Records from a dataset
· · · ·

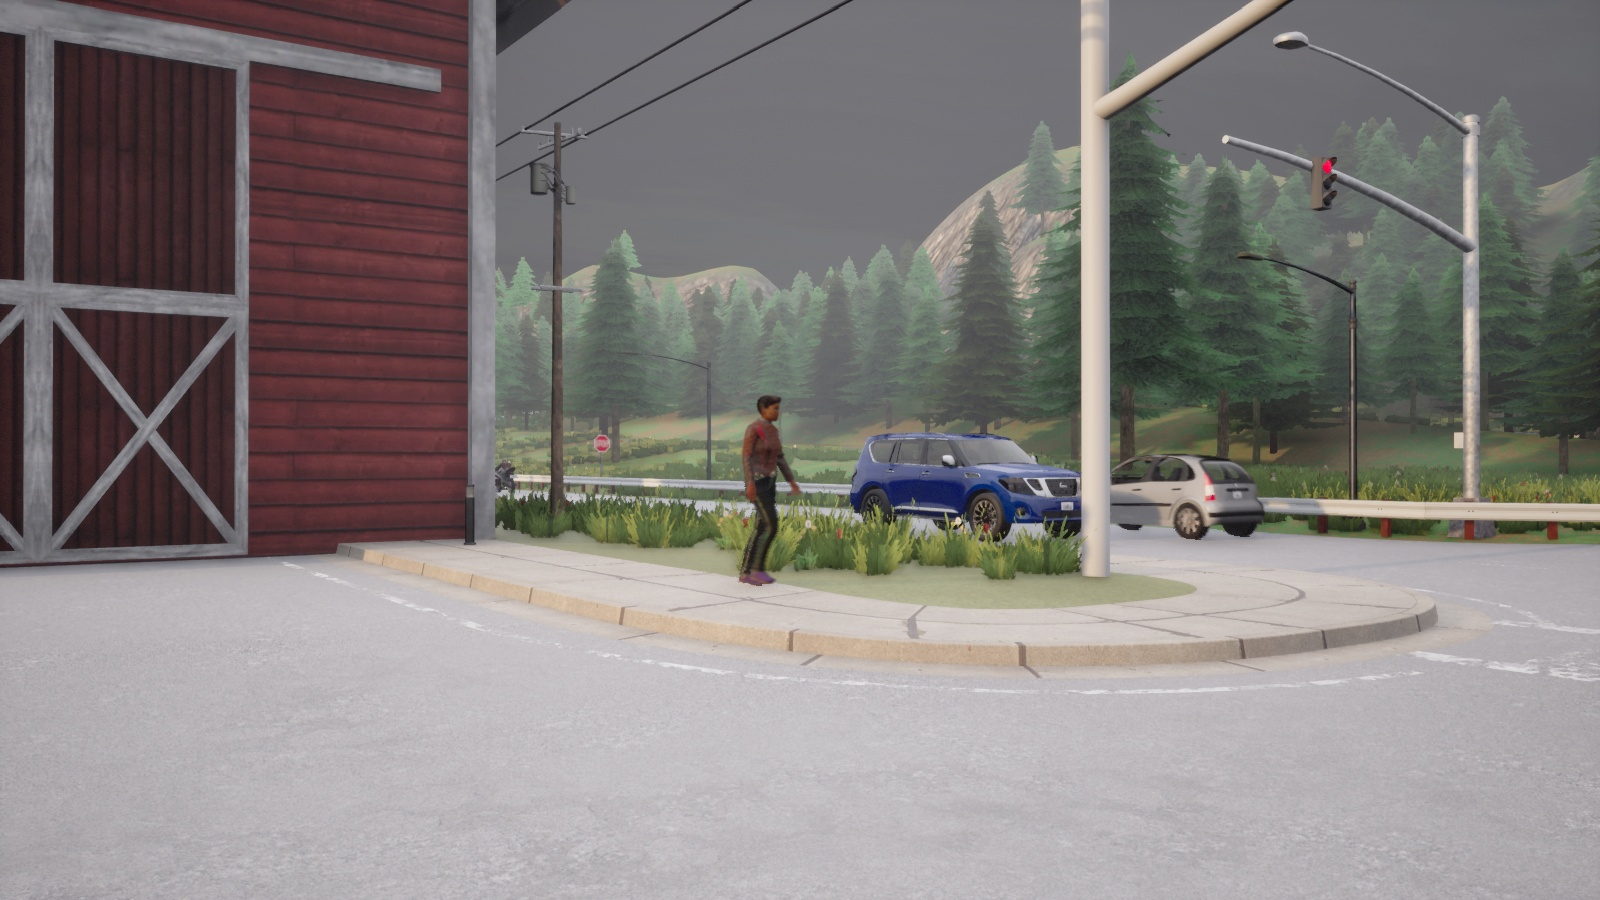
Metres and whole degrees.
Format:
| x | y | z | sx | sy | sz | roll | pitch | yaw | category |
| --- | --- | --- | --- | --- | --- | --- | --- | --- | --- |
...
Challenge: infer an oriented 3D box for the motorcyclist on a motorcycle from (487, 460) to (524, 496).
| x | y | z | sx | sy | sz | roll | pitch | yaw | category |
| --- | --- | --- | --- | --- | --- | --- | --- | --- | --- |
| -12.962 | 1.226 | 55.141 | 0.866 | 1.530 | 2.191 | 0 | 0 | -34 | motorcyclist on a motorcycle |

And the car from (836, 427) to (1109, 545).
| x | y | z | sx | sy | sz | roll | pitch | yaw | category |
| --- | --- | --- | --- | --- | --- | --- | --- | --- | --- |
| 3.207 | 0.646 | 24.696 | 2.150 | 2.045 | 5.566 | 0 | 0 | -34 | car |

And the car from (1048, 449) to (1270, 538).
| x | y | z | sx | sy | sz | roll | pitch | yaw | category |
| --- | --- | --- | --- | --- | --- | --- | --- | --- | --- |
| 7.087 | 0.813 | 25.145 | 1.851 | 1.617 | 3.988 | 0 | 0 | -35 | car |

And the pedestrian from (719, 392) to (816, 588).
| x | y | z | sx | sy | sz | roll | pitch | yaw | category |
| --- | --- | --- | --- | --- | --- | --- | --- | --- | --- |
| -0.314 | 0.371 | 11.925 | 0.869 | 1.805 | 0.328 | 0 | 0 | 30 | pedestrian |

· · · ·

What the task requires> Would you transcribe each of the entries exactly, skipping the pictures?

Answer for this exercise>
Metres and whole degrees.
Format:
| x | y | z | sx | sy | sz | roll | pitch | yaw | category |
| --- | --- | --- | --- | --- | --- | --- | --- | --- | --- |
...
Challenge: infer an oriented 3D box for the motorcyclist on a motorcycle from (487, 460) to (524, 496).
| x | y | z | sx | sy | sz | roll | pitch | yaw | category |
| --- | --- | --- | --- | --- | --- | --- | --- | --- | --- |
| -12.962 | 1.226 | 55.141 | 0.866 | 1.530 | 2.191 | 0 | 0 | -34 | motorcyclist on a motorcycle |

And the car from (836, 427) to (1109, 545).
| x | y | z | sx | sy | sz | roll | pitch | yaw | category |
| --- | --- | --- | --- | --- | --- | --- | --- | --- | --- |
| 3.207 | 0.646 | 24.696 | 2.150 | 2.045 | 5.566 | 0 | 0 | -34 | car |

And the car from (1048, 449) to (1270, 538).
| x | y | z | sx | sy | sz | roll | pitch | yaw | category |
| --- | --- | --- | --- | --- | --- | --- | --- | --- | --- |
| 7.087 | 0.813 | 25.145 | 1.851 | 1.617 | 3.988 | 0 | 0 | -35 | car |

And the pedestrian from (719, 392) to (816, 588).
| x | y | z | sx | sy | sz | roll | pitch | yaw | category |
| --- | --- | --- | --- | --- | --- | --- | --- | --- | --- |
| -0.314 | 0.371 | 11.925 | 0.869 | 1.805 | 0.328 | 0 | 0 | 30 | pedestrian |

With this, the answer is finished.